For Jess, The Globe’s rookie reporter, the story stops when the truth does. But she knows that the dirty tricks of the tabloids will be hard to overturn.
And when a celebrity is hounded by The Globe and pays the ultimate price, Jess wonders just how much Stella and the paper are responsible. Determined to show the world what the tabloid is capable of, Jess will do whatever it takes to uncover the truth, but she needs to watch her back, because someone else is prepared to kill to bury it.
The Wolf Hunt by Ayelet Gundar-Goshen
Lilach has it all: a beautiful home in the heart of Silicon Valley, a successful husband and stable marriage, and a teenage son, Adam, with whom she has always felt a particular closeness. Israeli immigrants, the family has now lived in the U.S. long enough that they consider it home. But after a brutal attack on a local synagogue shakes their sense of safety, Adam enrolls in a self-defense class taught by a former Israeli Special Forces officer. There, for the first time, he finds a sense of confidence and belonging.
Then, tragedy strikes again when an African American boy dies at a house party, apparently from a drug overdose. Though he was a high school classmate, Adam claims not to know him. Yet rumors begin to circulate that the death was not accidental, and that Adam and his new friends had a history with Jamal. As more details surface and racial tensions in the community are ignited, Lilach begins to question everything she thought she knew about her son. Could her worst fears be possible? Could her quiet, reclusive child have had something to do with Jamal’s death?

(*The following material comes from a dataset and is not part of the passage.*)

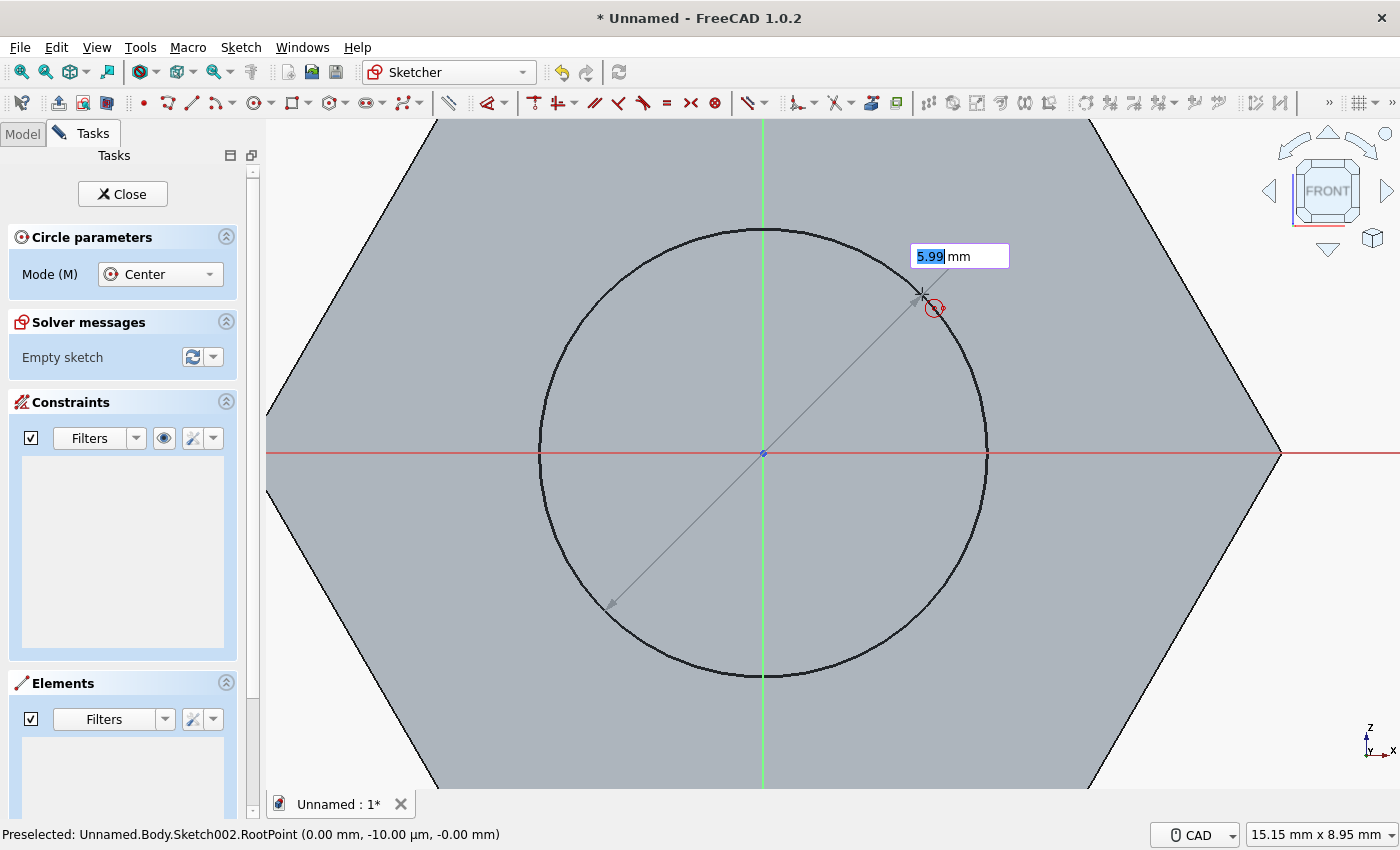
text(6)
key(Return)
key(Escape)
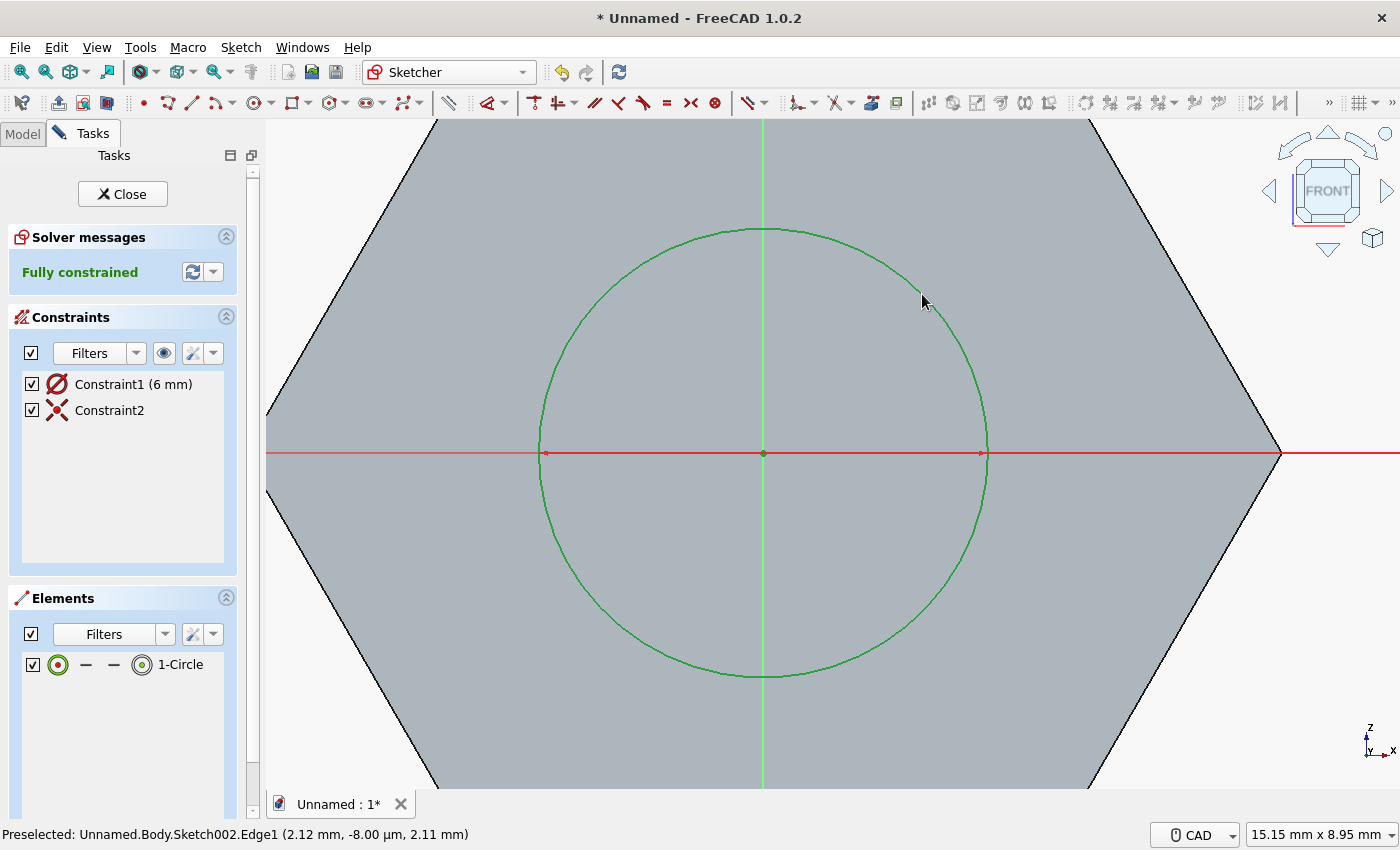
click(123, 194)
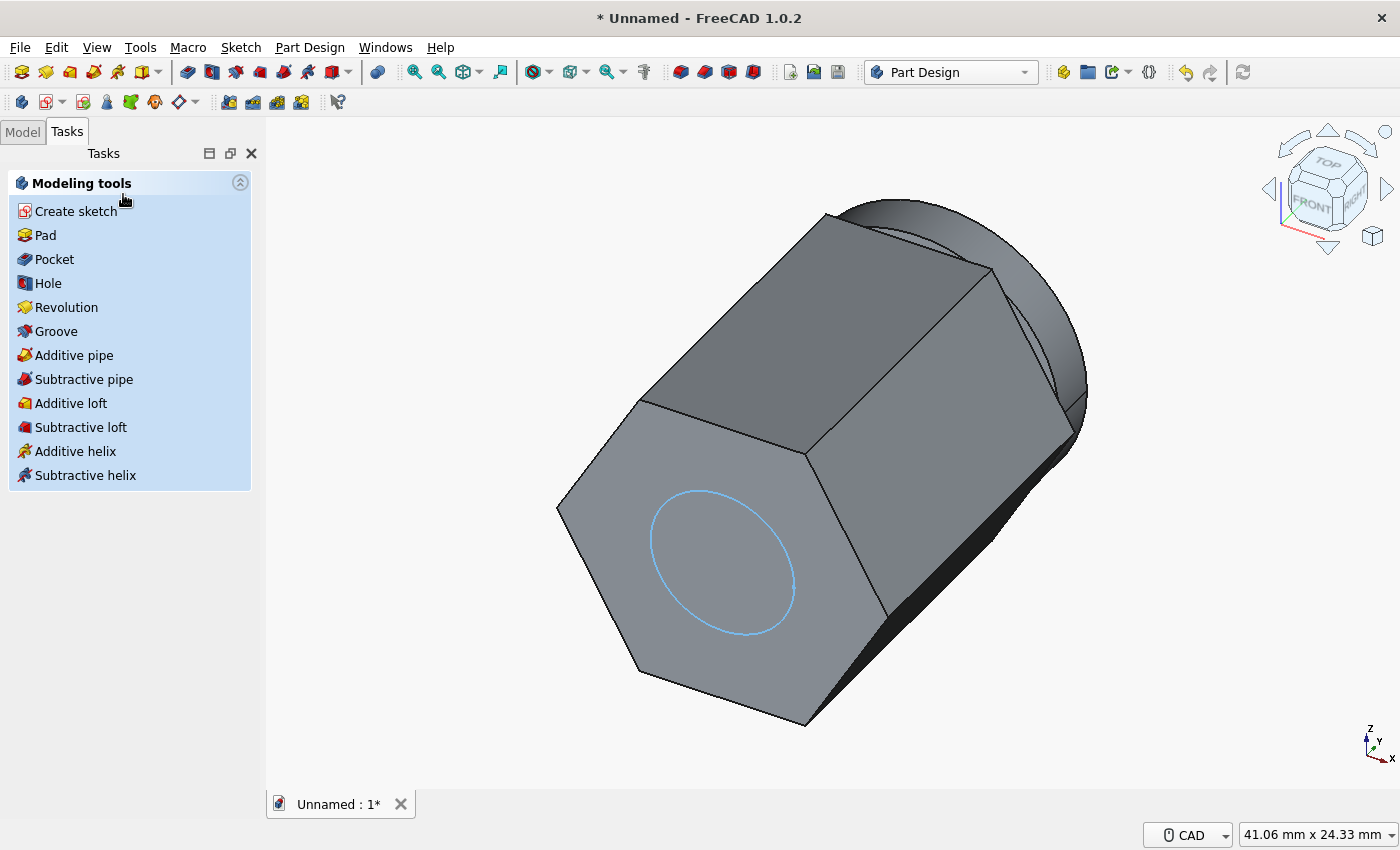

In the Lobby of the Dream Hotel by Genevieve Plunkett
When faced with newfound feelings for Theo, the drummer of her band, married young mother Portia must decide whether to follow her heart or question her sanity. Going off her medication feels like waking up for the first time. But could this clarity be harmless daydreaming, or a symptom of something more serious?
Portia’s husband, a well-respected prosecutor in their small Vermont town, is convinced of the latter. He retaliates, initiating an intervention, claiming that Portia’s behavior is proof of her bipolar disorder. With lawyer-like cunning, he uses elements from her past to break her resolve until she agrees to being committed to a psychiatric hospital. In the hospital, Portia’s sense of reality is tested, and hard truths about her marriage, her love for Theo, and her most vulnerable hopes and desires are revealed.